Caryl Churchill's double bill Blue Heart, presented by Out Of Joint at the Traverse, begins with a series of Ayckbournian timeslips. In Heart's Desire a family await the arrival home of their grown-up daughter from Australia; the same opening lines – "She's taking her time", "Not really" – are heard time and again until they, and the accompanying movements, acquire a comedy simply through repetition. On each occasion, though, the conversation proceeds a little further before shooting off on a tangent. Gradually it becomes apparent that we are watching scenarios running through the heads of each of the characters: the exchanges and events they dream of occurring during the mundane business of waiting. Some scenes betray an authoritarian bent, some a desire to upset the family applecart, some are simply bizarre – without giving too much away, this is probably the first time Max Stafford-Clark has ever directed an emu. Finally we see the "authoritative", "objective" "reality" of the scene in its entirety.
After the interval, Blue Kettle also concerns clashing realities and the arbitrariness of events, albeit in a more sombre mode. Jason Watkins' Derek, for reasons best known to himself, collects mothers, pretending to be the son they gave up for adoption four decades ago. As he deals in turn with a clutch of would-be parents and also with his disapproving girlfriend, occasional words of dialogue are replaced by either "blue" or "kettle". The frequency of replacement gradually increases, the words are cut down to single syllables or even single phonemes, until the final exchange – when the truth is revealed to one of his collection – is conducted almost entirely in this gibberish; we understand what is going on from the speaker's emotions and cadence patterns alone. The double bill is entertaining and intriguing, and cries out to be described in Edinburgh-shorthand as "offbeat".
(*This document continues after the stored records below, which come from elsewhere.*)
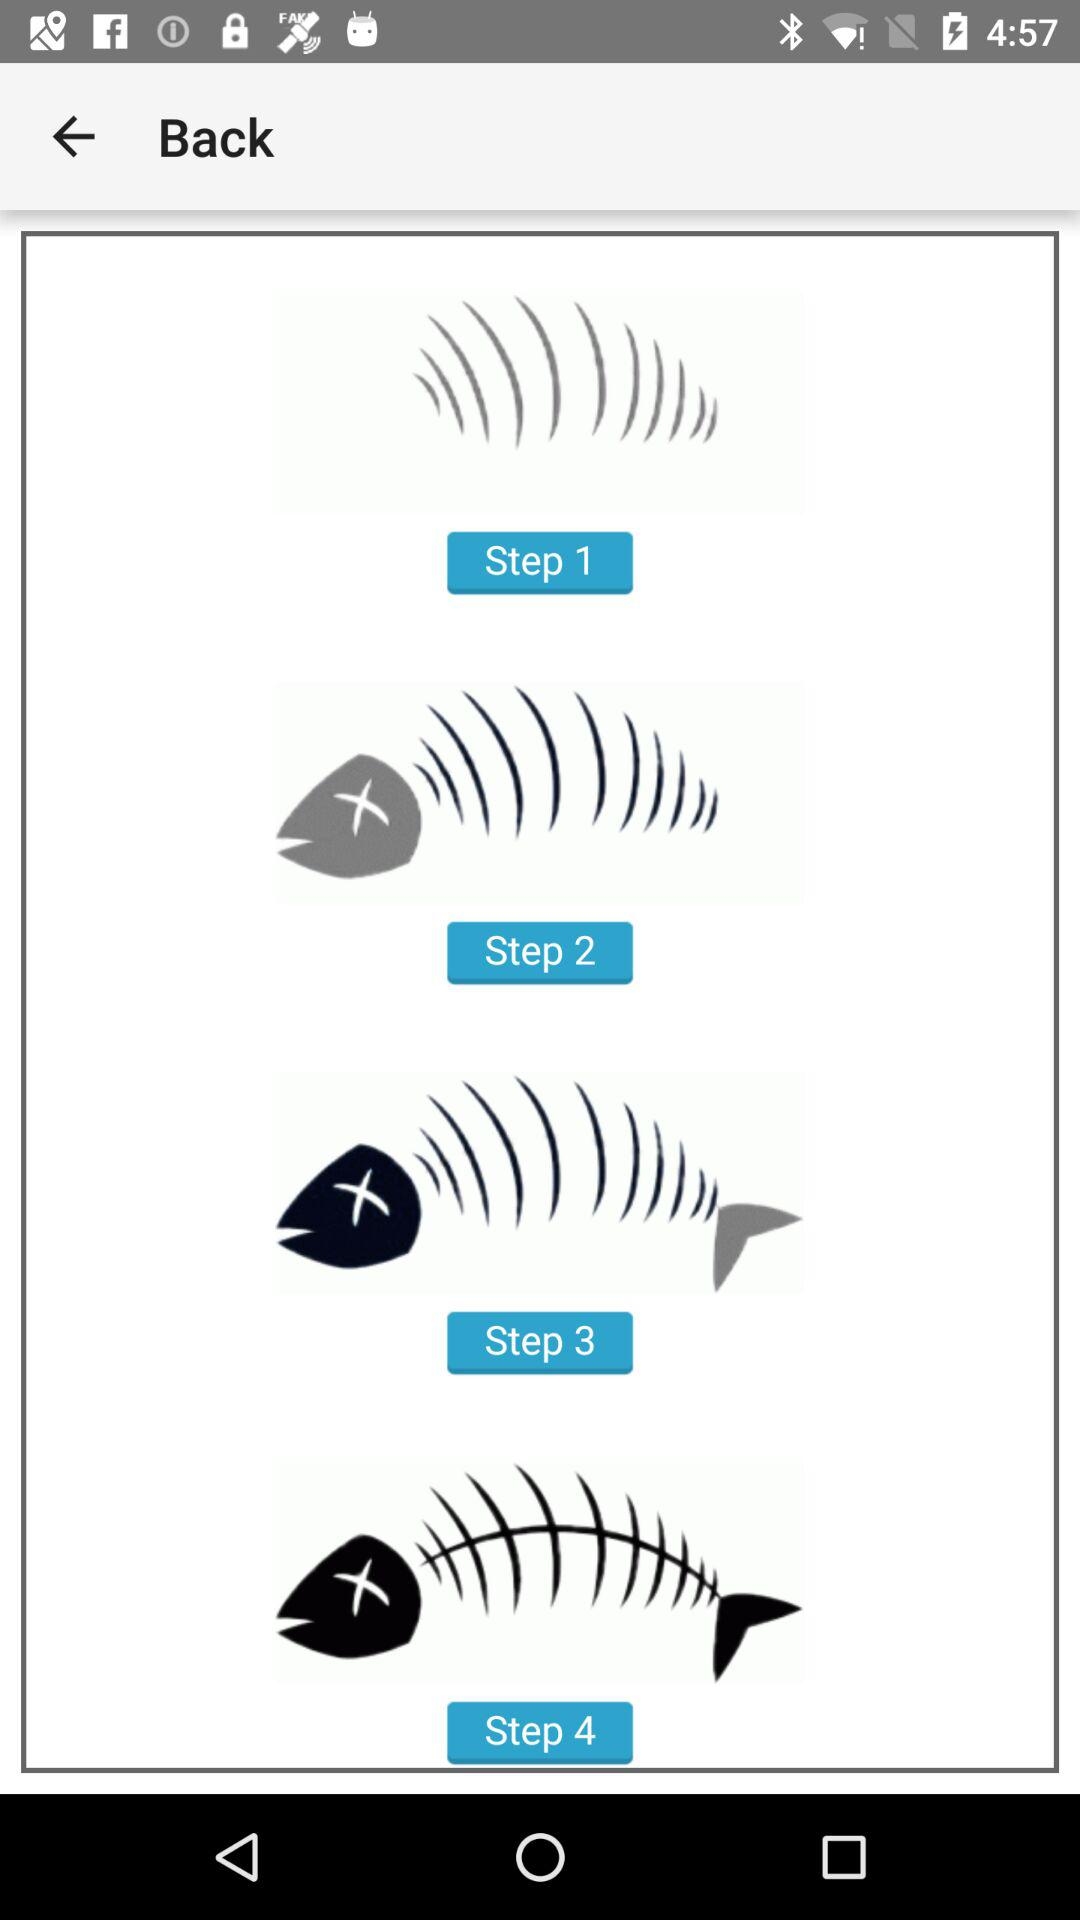How many steps are there in the tutorial?
Answer the question using a single word or phrase. 4 
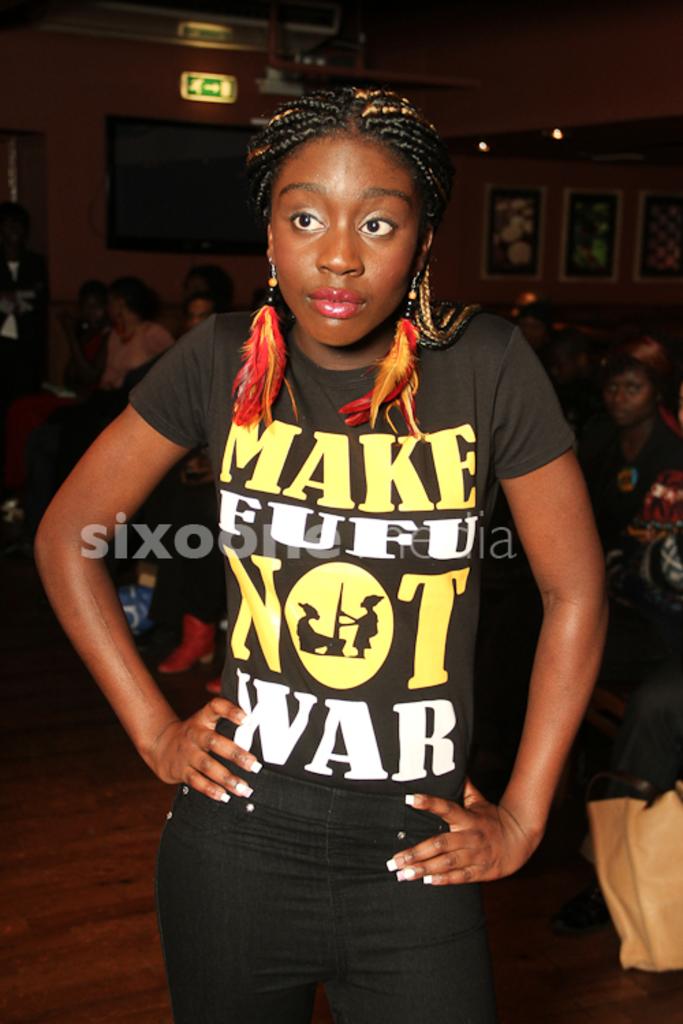What do you make instead of war?
Your response must be concise. Fufu. What is written on the girl's shirt?
Make the answer very short. Make fufu not war. 
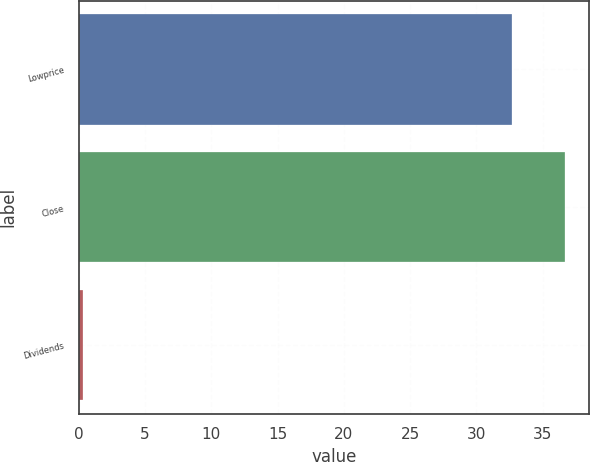Convert chart. <chart><loc_0><loc_0><loc_500><loc_500><bar_chart><fcel>Lowprice<fcel>Close<fcel>Dividends<nl><fcel>32.69<fcel>36.69<fcel>0.3<nl></chart>

At Stella Artois Assembly, meanwhile, Steven Berkoff continues his assimilation into the heritage industry. He may don a tight little frock and suspenders for Massage, but nothing else has changed. The England he writes about is simply the underside of that imagined by John Major – more squalid than the vision of warm beer and cricket on the green, but equally mythical. (For heaven's sake, his backdrop even includes a huge cartoon of Thatcher, and at one point his co-performer Barry Philips inveighs against rampant inflation – hardly up-to-the-minute stuff.) His staging also betrays a sloppiness of theatrical vision: the same kitchen may be on- or offstage in the same set of scenes, as happens to be convenient, and Berkoff as "Mum" still drapes his housecoat left over right, wearing it as a man. His dramatic ode to the hand-relief industry is a brief sketch which, with digressions and irrelevant Berkoffian set-pieces, wilts over a full 90 minutes. Still, it is solid, traditional Berkoff; the knighthood beckons.
Written for the Financial Times.
Copyright © Ian Shuttleworth; all rights reserved.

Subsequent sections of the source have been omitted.